==== Data shown

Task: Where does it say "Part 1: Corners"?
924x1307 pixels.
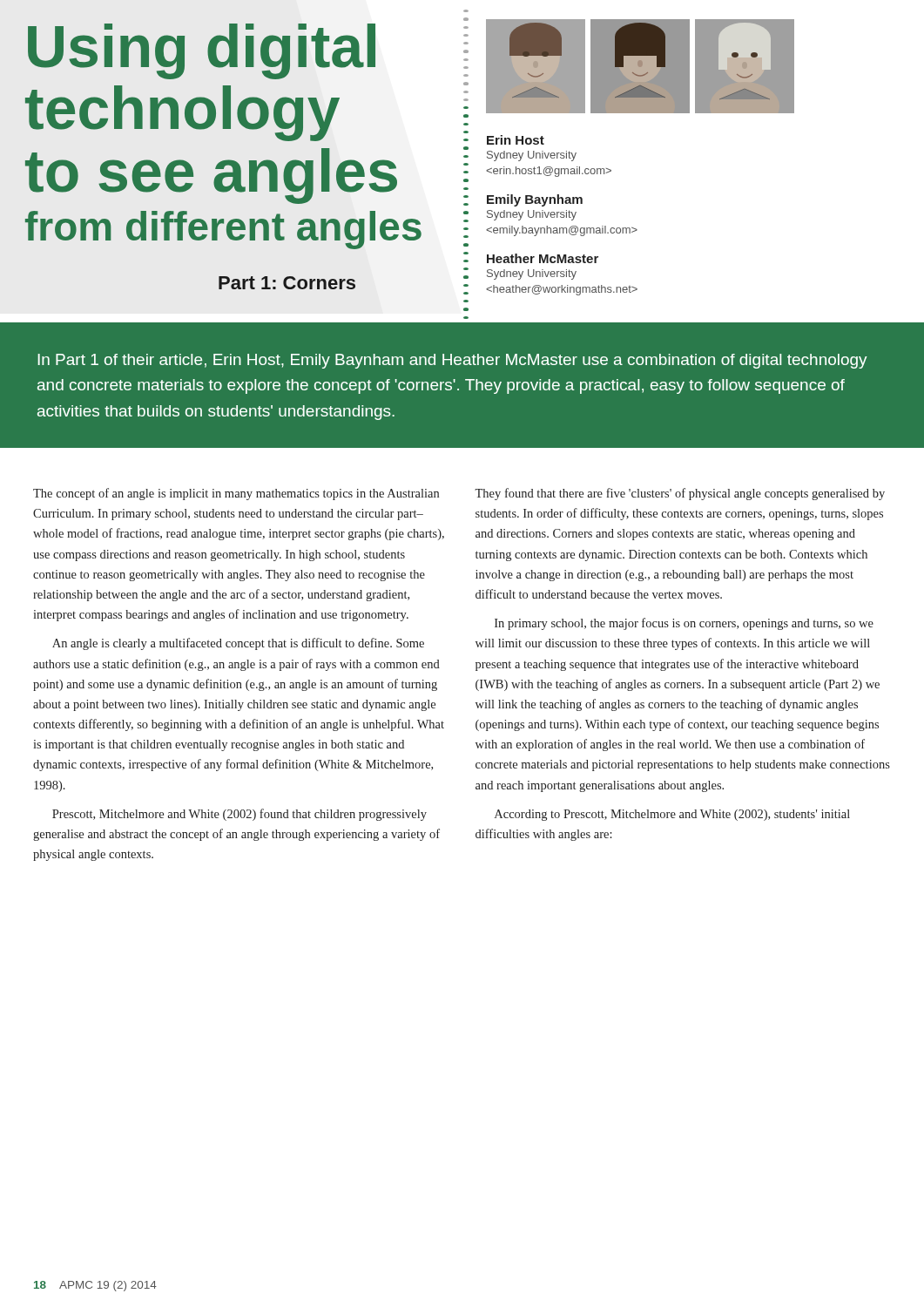Action: tap(287, 283)
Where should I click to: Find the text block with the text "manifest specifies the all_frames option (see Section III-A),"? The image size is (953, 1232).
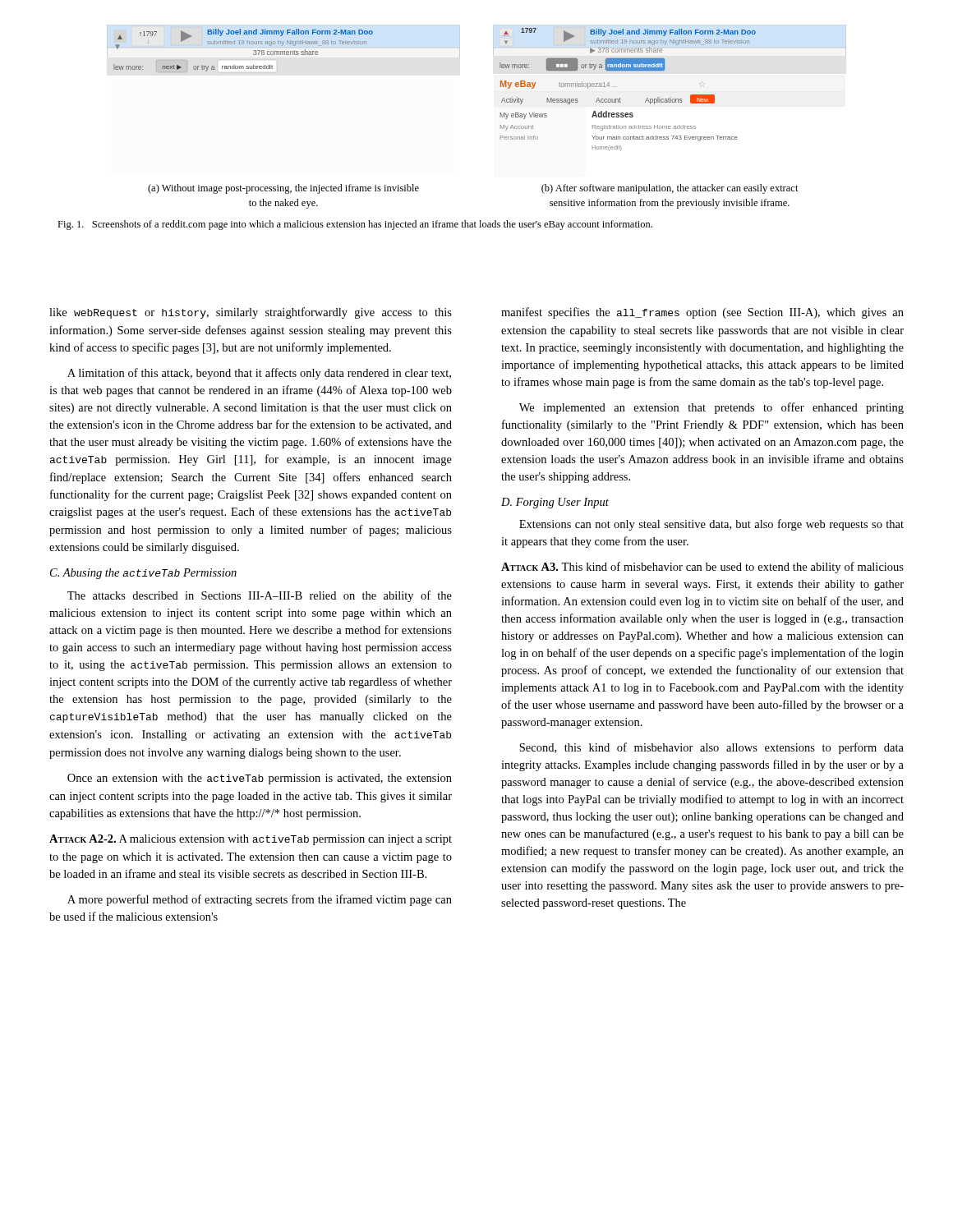tap(702, 395)
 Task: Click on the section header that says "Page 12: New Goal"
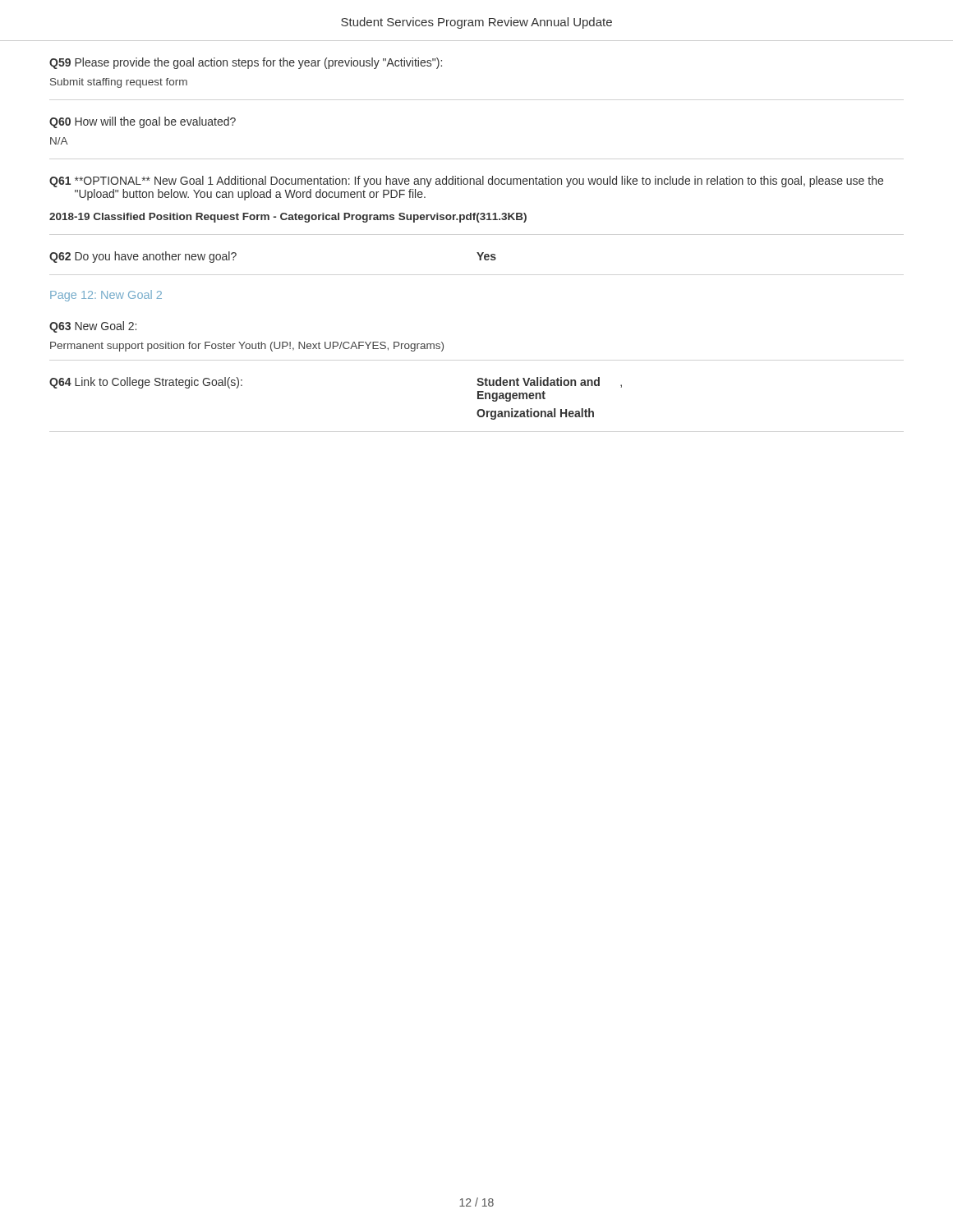[106, 295]
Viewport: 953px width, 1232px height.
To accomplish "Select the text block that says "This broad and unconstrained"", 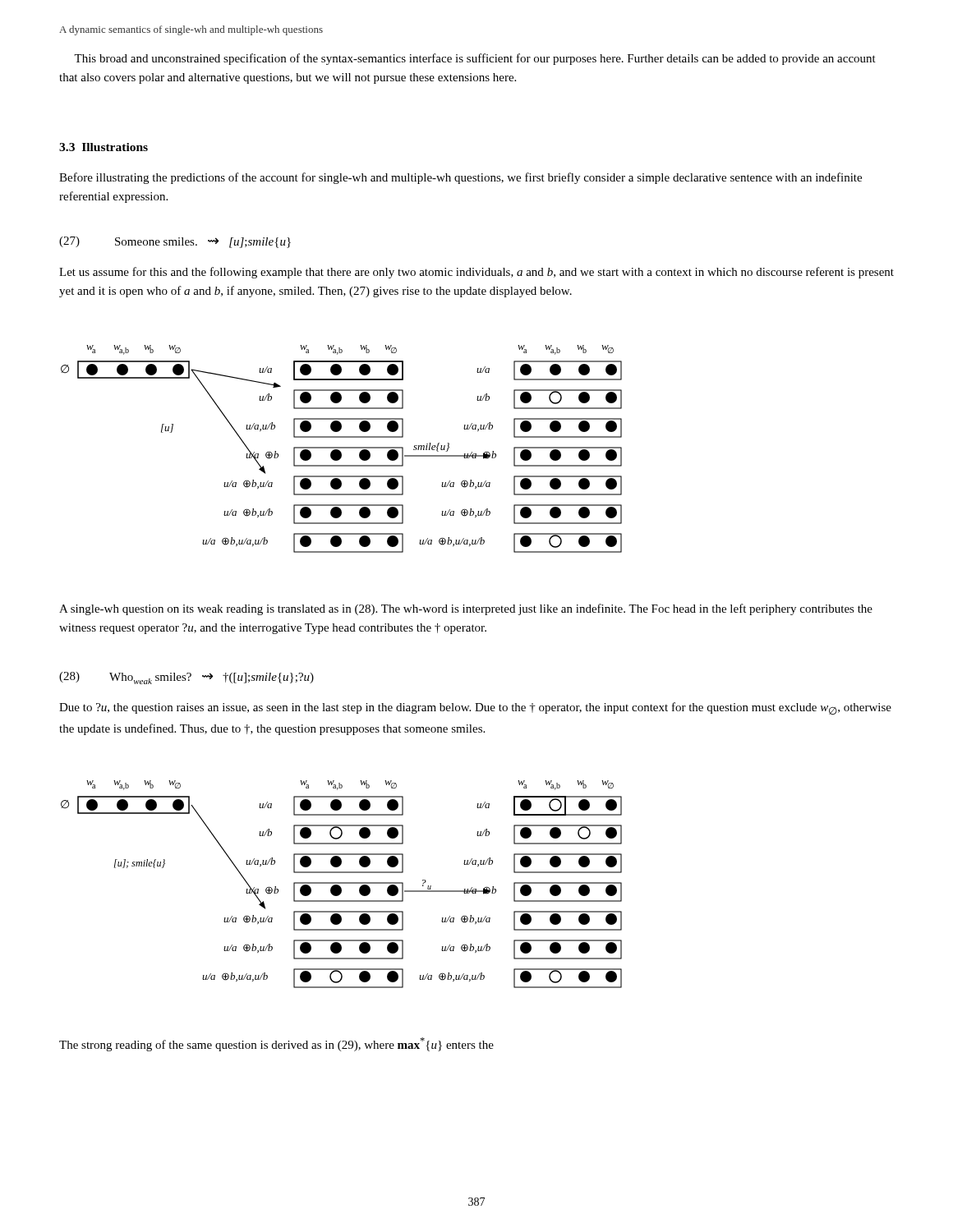I will click(x=467, y=68).
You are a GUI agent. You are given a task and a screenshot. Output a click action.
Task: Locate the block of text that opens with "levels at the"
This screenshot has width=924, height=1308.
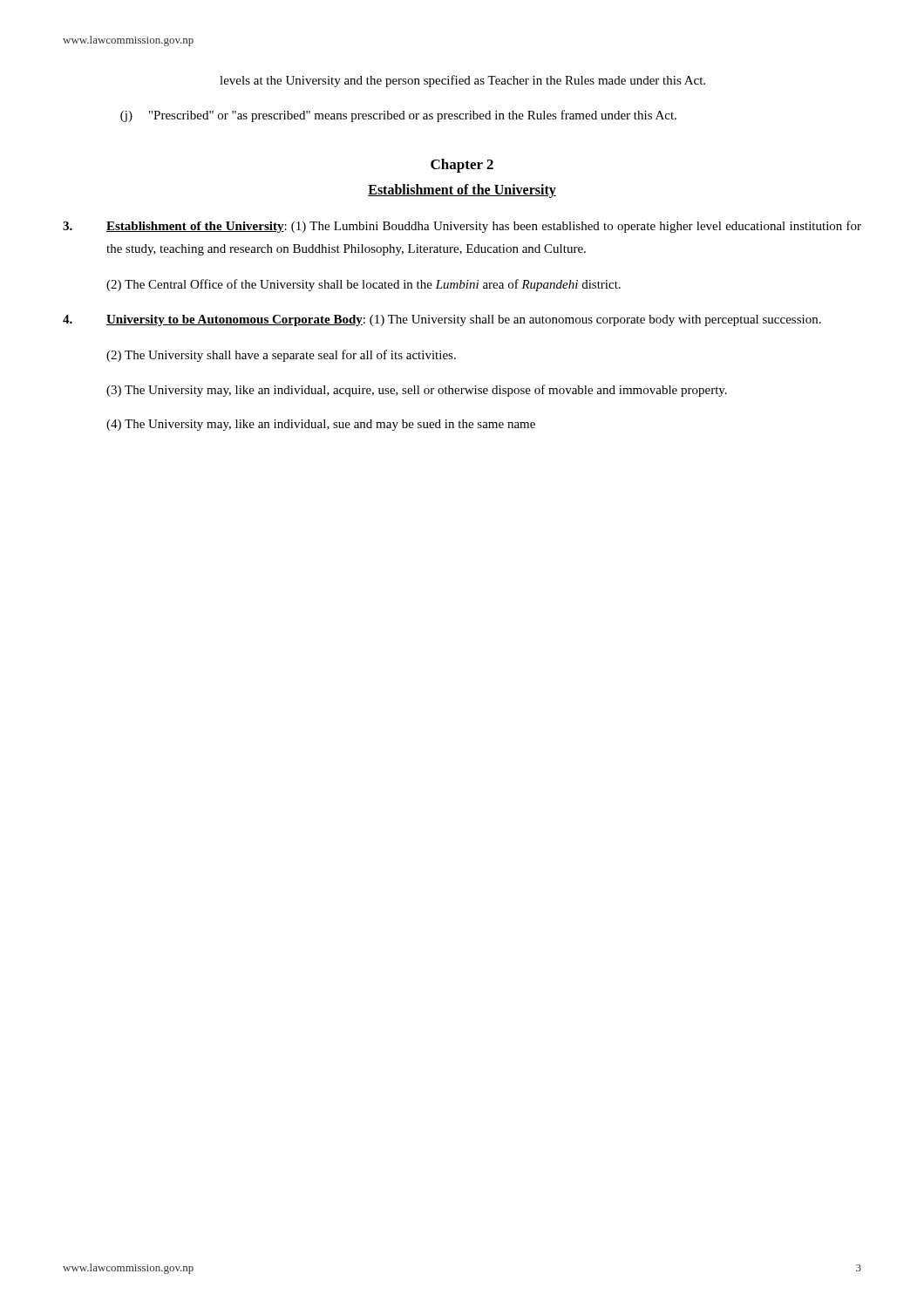tap(463, 80)
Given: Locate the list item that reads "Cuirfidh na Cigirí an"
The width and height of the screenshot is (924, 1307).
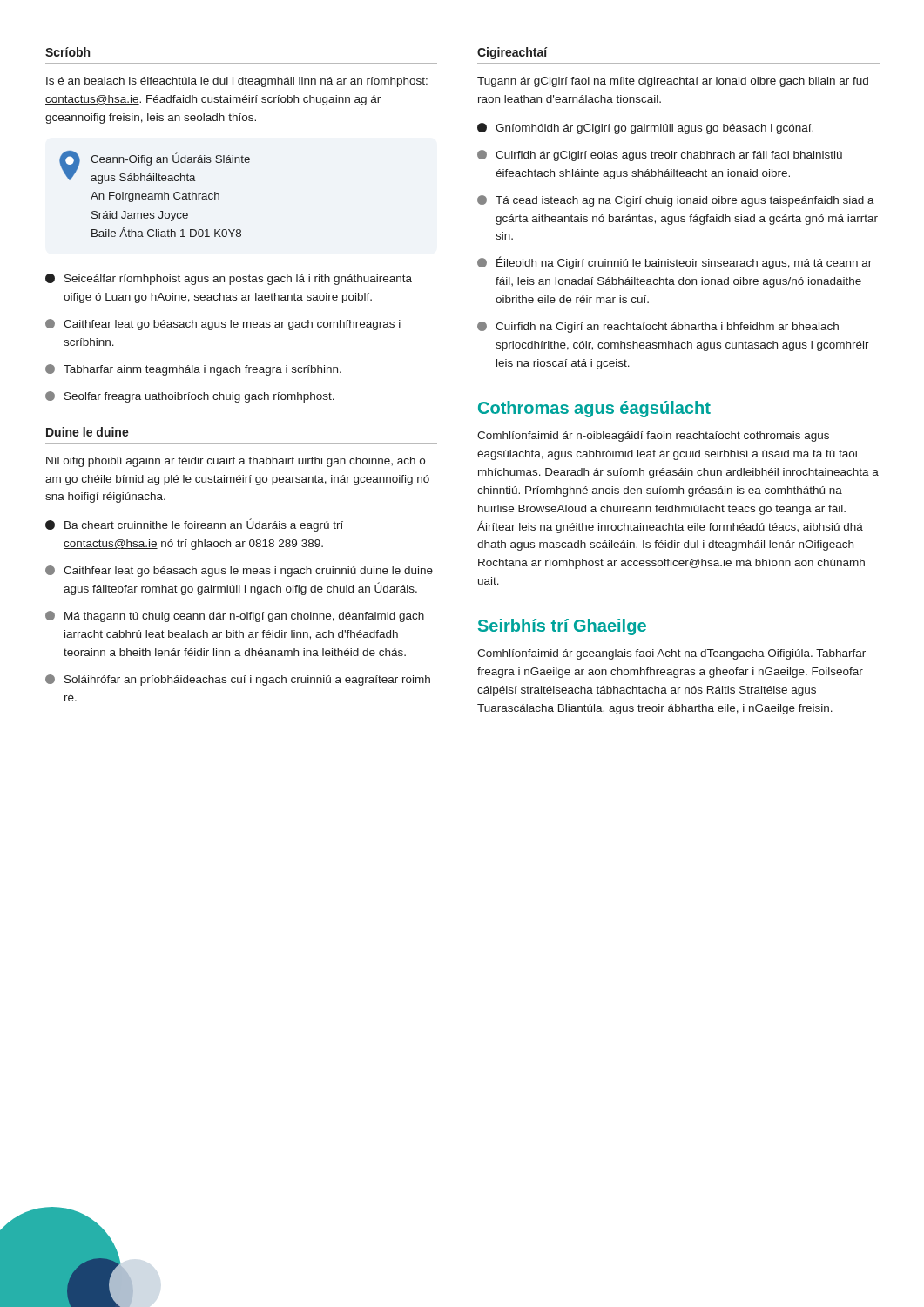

========

▸ **Work to complete**
Return a copy of each line in the entries that carries the string "Locate".

▸ **Answer to this task**
Task: Locate the block of text that opens with "levels at the"
Given: Locate the list item that reads "Cuirfidh na Cigirí an"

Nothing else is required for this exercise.